Mengers Vito, Roth Nicolas, Brock Oliver, Obermayer Klaus, Rolfs Martin
Technische Universität Berlin, Berlin, Germany.
Science of Intelligence, Research Cluster of Excellence, Berlin, Germany.
J Vis. 2025 Feb 3;25(2):6. doi: 10.1167/jov.25.2.6.

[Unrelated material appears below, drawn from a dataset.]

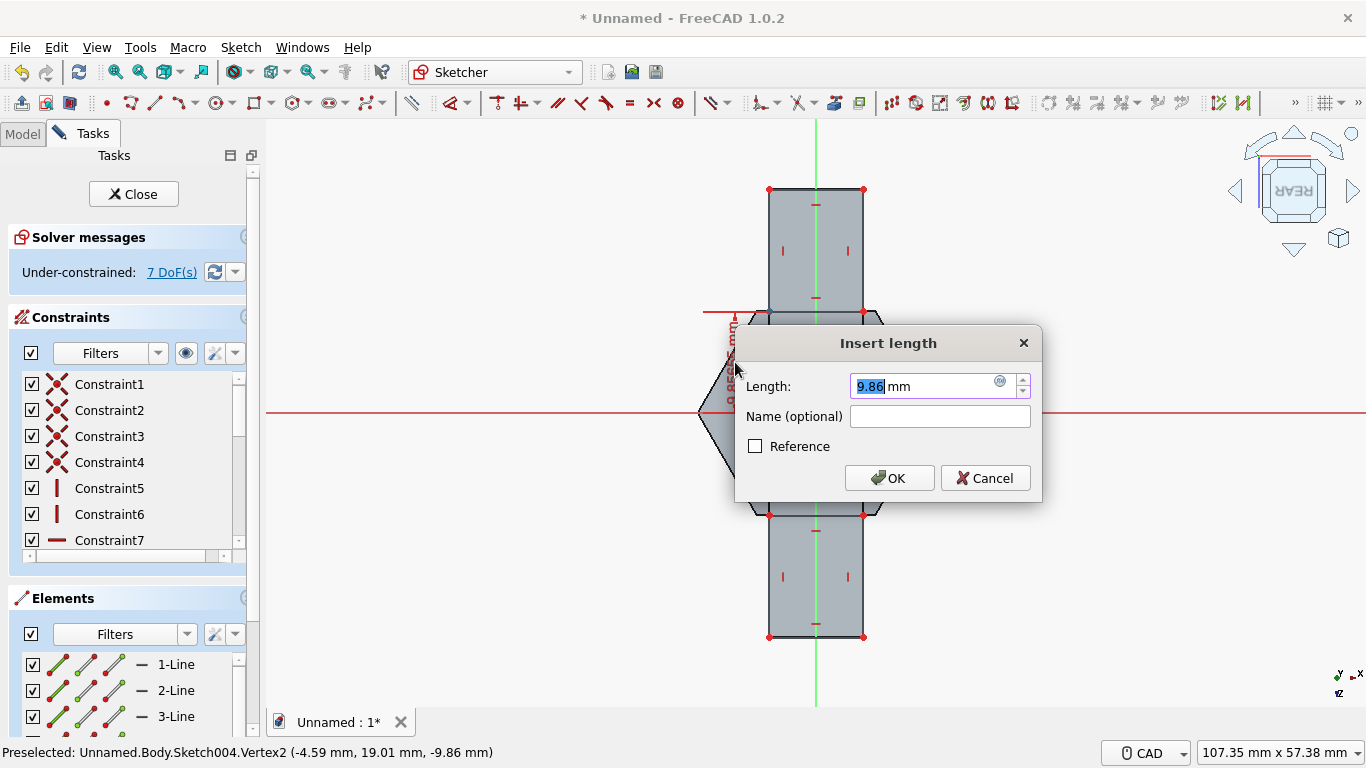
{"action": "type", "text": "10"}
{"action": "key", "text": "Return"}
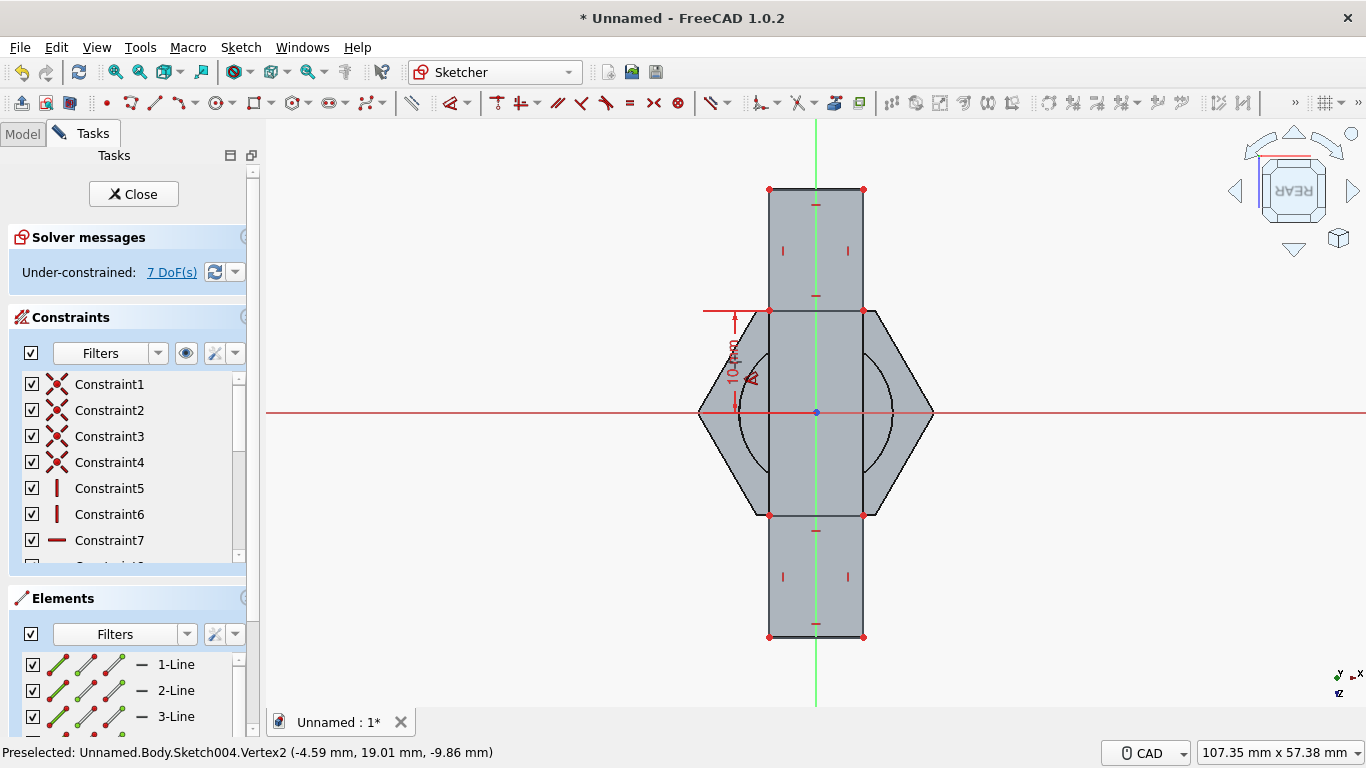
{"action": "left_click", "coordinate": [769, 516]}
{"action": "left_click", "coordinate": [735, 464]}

The objects we perceive guide our eye movements when observing real-world dynamic scenes. Yet, gaze shifts and selective attention are critical for perceiving details and refining object boundaries. Object segmentation and gaze behavior are, however, typically treated as two independent processes. Here, we present a computational model that simulates these processes in an interconnected manner and allows for hypothesis-driven investigations of distinct attentional mechanisms. Drawing on an information processing pattern from robotics, we use a Bayesian filter to recursively segment the scene, which also provides an uncertainty estimate for the object boundaries that we use to guide active scene exploration. We demonstrate that this model closely resembles observers' free viewing behavior on a dataset of dynamic real-world scenes, measured by scanpath statistics, including foveation duration and saccade amplitude distributions used for parameter fitting and higher-level statistics not used for fitting. These include how object detections, inspections, and returns are balanced and a delay of returning saccades without an explicit implementation of such temporal inhibition of return. Extensive simulations and ablation studies show that uncertainty promotes balanced exploration and that semantic object cues are crucial to forming the perceptual units used in object-based attention. Moreover, we show how our model's modular design allows for extensions, such as incorporating saccadic momentum or presaccadic attention, to further align its output with human scanpaths.
我们所感知的物体在观察现实世界动态场景时会引导我们的眼球运动。然而,注视转移和选择性注意对于感知细节和细化物体边界至关重要。然而,物体分割和注视行为通常被视为两个独立的过程。在此,我们提出一种计算模型,该模型以相互关联的方式模拟这些过程,并允许对不同的注意机制进行假设驱动的研究。借鉴机器人学中的信息处理模式,我们使用贝叶斯滤波器对场景进行递归分割,这也为我们用于指导主动场景探索的物体边界提供了不确定性估计。我们证明,该模型与在动态现实世界场景数据集上观察者的自由观看行为非常相似,通过扫描路径统计进行测量,包括用于参数拟合的注视持续时间和扫视幅度分布以及未用于拟合的更高层次统计。这些包括物体检测、检查和返回如何平衡,以及返回扫视的延迟,而无需明确实施这种返回的时间抑制。广泛的模拟和消融研究表明,不确定性促进了平衡探索,并且语义物体线索对于形成基于物体的注意中使用的感知单元至关重要。此外,我们展示了我们模型的模块化设计如何允许扩展,例如纳入扫视动量或扫视前注意,以进一步使其输出与人类扫描路径对齐。